# Beach Party in Second Life



## VBH (Sep 30, 2009)

Calling all diabetic Second Life residents







DSFUK will be hosting a beach party on their island in Second Life on 15th October 2009 between 20:00 and 23:00 UK time.  This is open to all diabetics and is a chance for people from various online groups to meet, network and discuss diabetes issues.  It is being announced on various sites and various places in-world to bring diabetics together.

So for an evening of (virtual) drinking, dancing and chat, come along and meet us.  The BBQ and drinks are guaranteed carb-free.  Voice chat will be active but is optional.

DSF Island includes a bar, dancefloor, hot tub, diabetes infocentre and more.  Freebie clothes and other items will be supplied for new residents.

For those unfamiliar with Second Life, it is an online virtual world where people appear as human avatars, can chat through text or voice, build anything from chairs to skyscrapers, t-shirts to sports cars.
http://secondlife.com/whatis/

For new residents unfamiliar with Second Life, we recommend a visit to *Help People Inc.*
We suggest that anyone who has not spent any time in Second Life and plans to attend, to familiarise themselves with Second Life before the party.

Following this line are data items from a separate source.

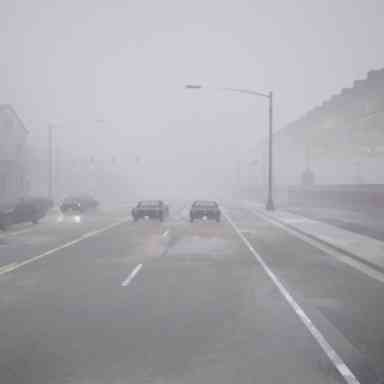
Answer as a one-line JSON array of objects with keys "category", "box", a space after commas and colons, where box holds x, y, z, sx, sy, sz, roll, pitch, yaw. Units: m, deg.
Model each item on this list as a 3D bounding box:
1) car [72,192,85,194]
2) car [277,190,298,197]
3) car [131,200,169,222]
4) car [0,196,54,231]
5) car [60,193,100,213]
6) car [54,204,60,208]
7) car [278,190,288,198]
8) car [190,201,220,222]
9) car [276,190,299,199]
[{"category": "car", "box": [-12.698, 0.765, 37.467, 1.882, 1.535, 5.008, 0, 1, 2]}, {"category": "car", "box": [18.222, 0.270, 63.288, 4.536, 1.218, 1.853, -1, 1, -44]}, {"category": "car", "box": [-2.641, 1.199, 22.227, 1.895, 1.301, 4.718, 0, 1, 2]}, {"category": "car", "box": [-9.974, 1.182, 18.239, 2.033, 1.411, 5.357, 0, 1, 2]}, {"category": "car", "box": [-9.549, 1.058, 28.538, 1.895, 1.301, 4.718, 0, 1, 3]}, {"category": "car", "box": [-13.115, 1.015, 27.025, 2.033, 1.411, 5.357, 0, 1, 3]}, {"category": "car", "box": [18.030, 0.508, 58.649, 2.038, 1.542, 4.974, 0, 1, -34]}, {"category": "car", "box": [0.858, 1.216, 22.160, 1.895, 1.301, 4.718, 0, 1, 2]}, {"category": "car", "box": [18.185, 0.428, 63.254, 4.974, 1.542, 2.038, -1, 1, -44]}]

DSF Island can be found at Miniard 230, 30, 21 or directly via *this link* 

We hope to see you there.


----------



## Northerner (Sep 30, 2009)

I think this sounds like a terrific idea! I'm not a second-lifer myself, I've never had the technology to investigate stuff like that in the past (dial-up and old pc!), but will probably drop in and see how it all works! And very handy for those people who are too far away to get to our birthday-bash London forum meet!

Thanks for inviting us VBH!


----------



## Tezzz (Sep 30, 2009)

You'll need the second life software and a broadband Internet connection for second life. 

My friend Dave is on it all the time....

The hippo open sim viewer is pretty good by all accounts. I'm not an expert on these things.


----------



## VBH (Sep 30, 2009)

Hmmm yes dialup is just not gonna work I'm afraid.  Not heard of the hippo viewer, so I'll have to have a look. Thanks for the tip.  Will probably stick to the standard one for the moment though.

To join SL, you need to register an account on their site (http://www.secondlife.com) and download the software.  But you can get to all that from the whatis link in the top post.


----------



## Pattidevans (Sep 30, 2009)

The Hippo viewer can be found  here  I've always found the normal Second Life software fine.  

I will be at the party in my best virtual dress!  It will be nice to chat to more diabetics socially in real time.


----------



## VBH (Sep 30, 2009)

I've had a look at the hippo viewer and I wouldn't recommend it except for SL veterans.  Certainly anyone going into Second Life for the first time should use the standard viewer, rather than the hippo if only because all the tutorials, books etc on Second Life include screenshots of the official one.

Anyway, so long as people can get there and have a natter, thats what its all about.....


....and the free beer and carb-free pizza of course 

Incidentally there's usually a few people kicking around the island most evenings so feel free to drop by anytime before (or after) the party


----------



## VBH (Oct 14, 2009)

Just bumping this thread to remind you all its tomorrow.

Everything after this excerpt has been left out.